_ABOUT THIS TASK_.
Output, word for word, every line from the line with "The object was" through the final line of the data below.

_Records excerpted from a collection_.
++++++++++
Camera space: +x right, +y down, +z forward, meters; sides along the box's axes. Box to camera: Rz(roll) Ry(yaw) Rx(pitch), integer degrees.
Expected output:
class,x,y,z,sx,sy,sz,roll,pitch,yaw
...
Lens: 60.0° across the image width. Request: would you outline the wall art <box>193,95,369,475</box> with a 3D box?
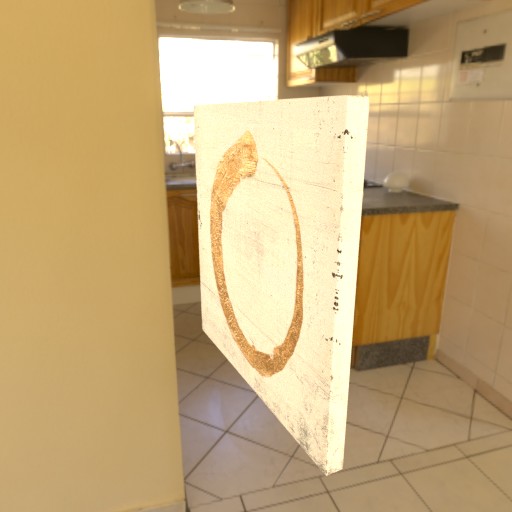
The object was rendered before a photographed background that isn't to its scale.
class,x,y,z,sx,sy,sz,roll,pitch,yaw
wall art,0.000,0.000,0.928,0.040,0.611,0.610,-9,20,-25
++++++++++
_COMPLETED TASK_.
The object was rendered before a photographed background that isn't to its scale.
class,x,y,z,sx,sy,sz,roll,pitch,yaw
wall art,0.000,0.000,0.928,0.040,0.611,0.610,-9,20,-25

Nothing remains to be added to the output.